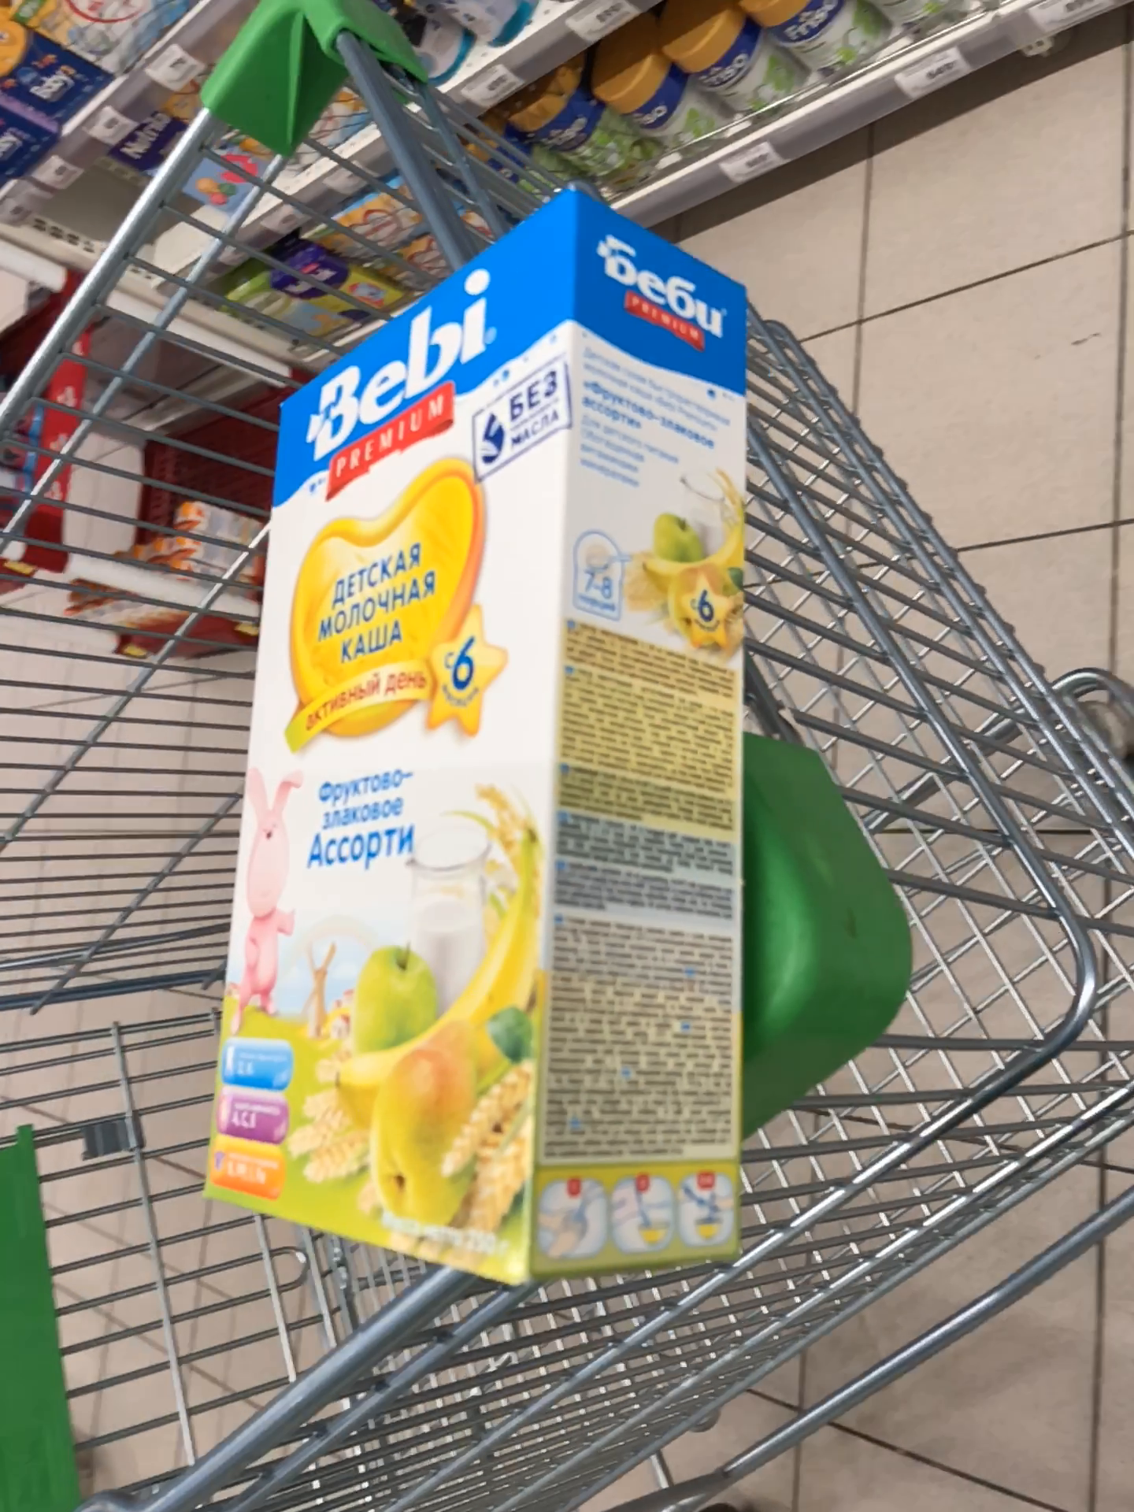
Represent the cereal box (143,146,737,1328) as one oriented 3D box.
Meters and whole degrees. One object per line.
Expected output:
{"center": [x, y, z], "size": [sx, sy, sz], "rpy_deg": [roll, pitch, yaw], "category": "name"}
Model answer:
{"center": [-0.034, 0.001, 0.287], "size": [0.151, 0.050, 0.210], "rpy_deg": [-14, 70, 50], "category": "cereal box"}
==
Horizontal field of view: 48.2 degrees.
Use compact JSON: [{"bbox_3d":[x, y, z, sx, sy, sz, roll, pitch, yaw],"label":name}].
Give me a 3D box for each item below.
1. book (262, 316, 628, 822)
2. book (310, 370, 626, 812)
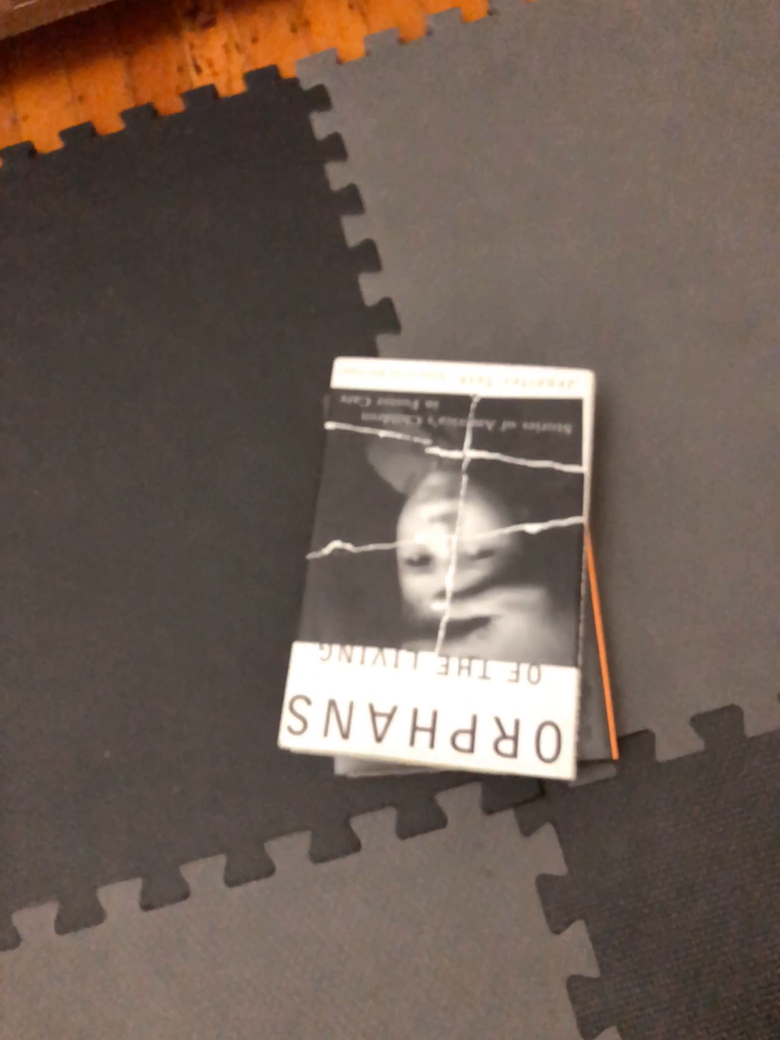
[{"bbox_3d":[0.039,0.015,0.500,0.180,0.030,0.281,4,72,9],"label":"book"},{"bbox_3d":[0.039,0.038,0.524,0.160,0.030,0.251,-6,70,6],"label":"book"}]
==
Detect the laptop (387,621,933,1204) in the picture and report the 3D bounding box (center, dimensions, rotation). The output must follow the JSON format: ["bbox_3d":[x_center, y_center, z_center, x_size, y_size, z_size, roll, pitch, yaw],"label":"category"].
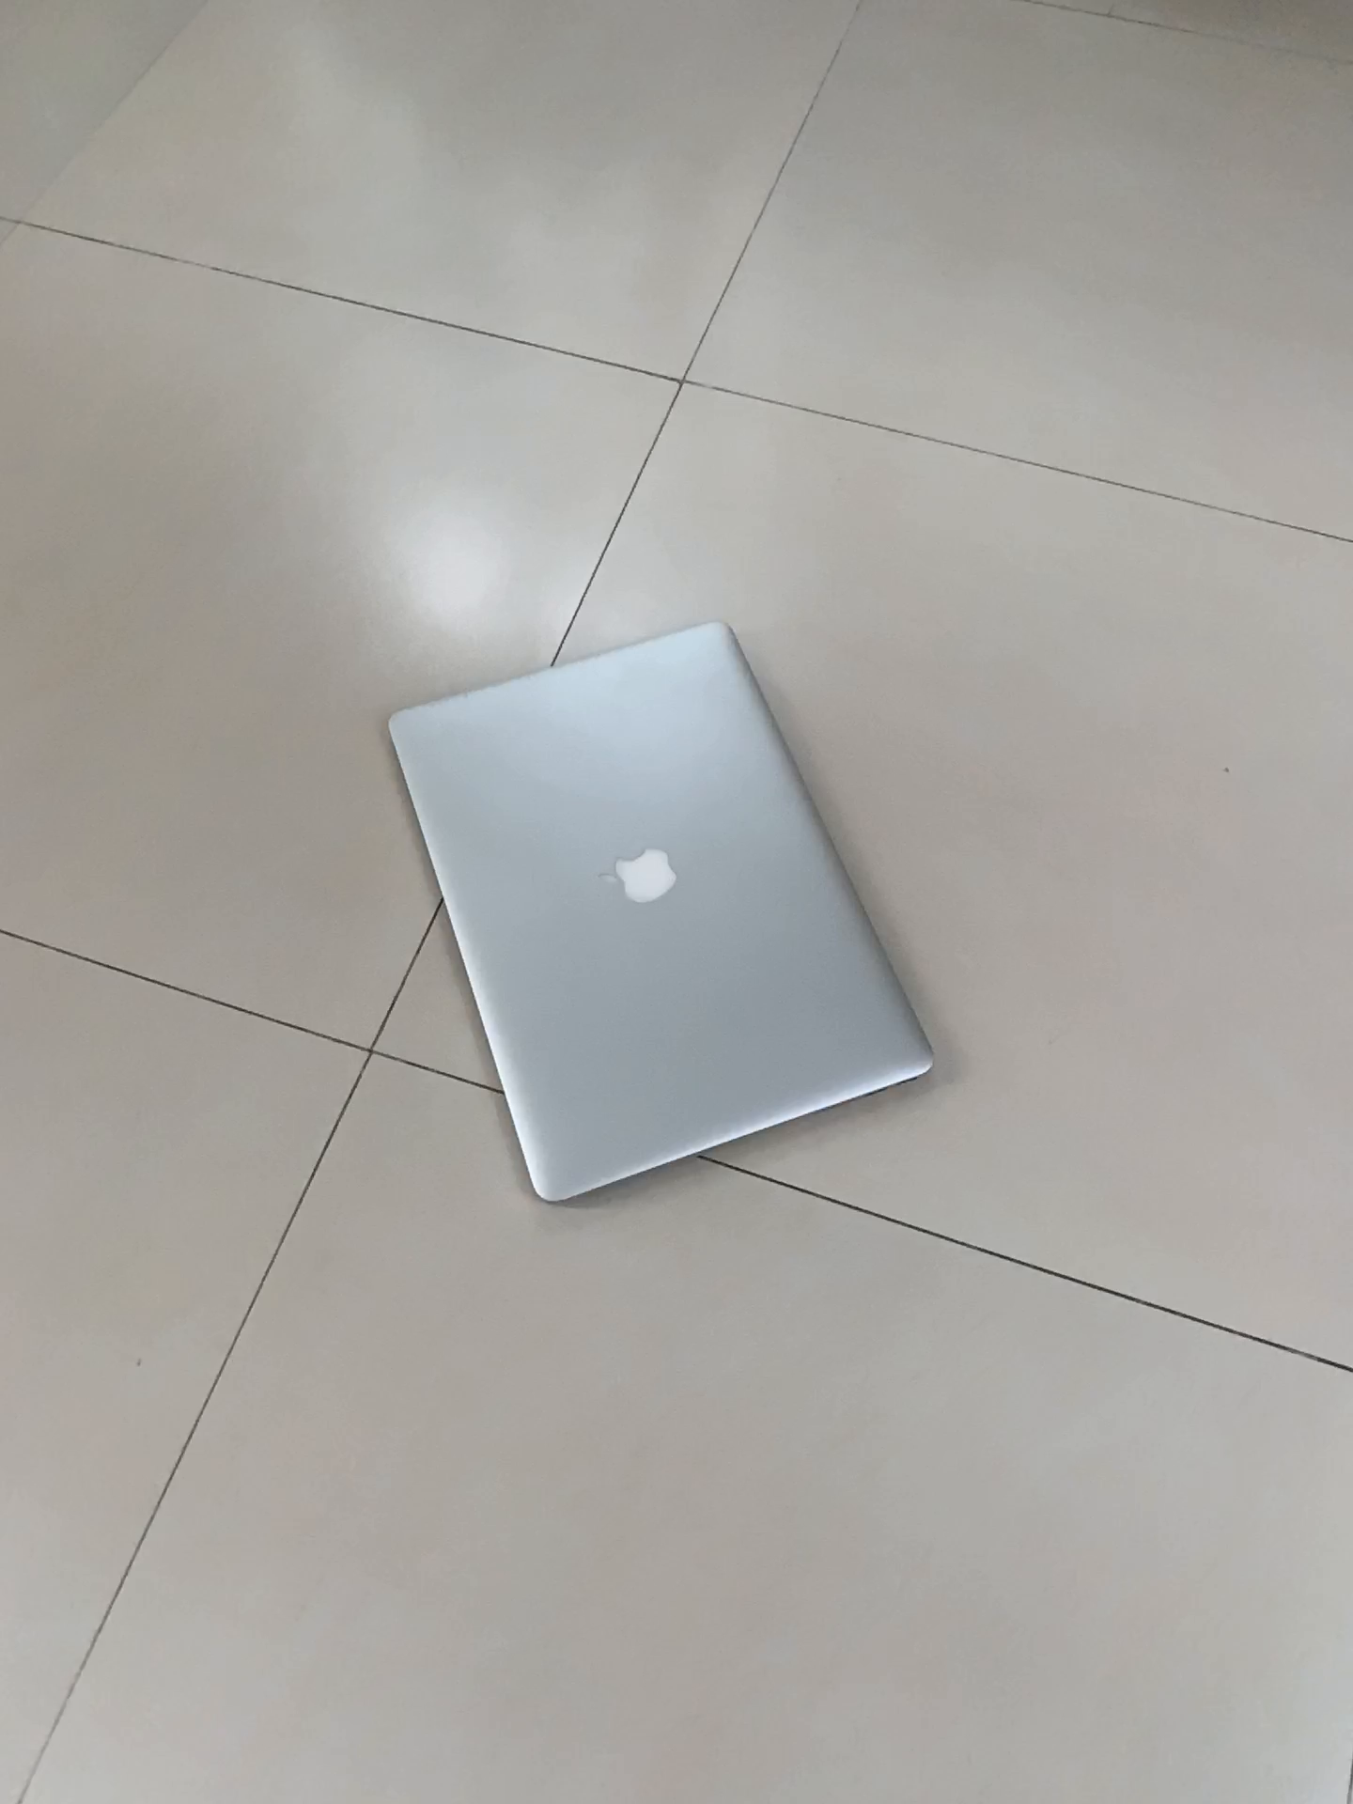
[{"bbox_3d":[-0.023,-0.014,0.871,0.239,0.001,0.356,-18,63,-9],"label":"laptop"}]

> [Task item]: From the records above, pick out and copy each line holding the word "name".

> [Output for this task]:
{"center": [x, y, z], "size": [sx, sy, sz], "rpy_deg": [roll, pitch, yaw], "category": "name"}
Use compact JSON: [{"bbox_3d":[x, y, z, sx, sy, sz, roll, pitch, yaw],"label":name}].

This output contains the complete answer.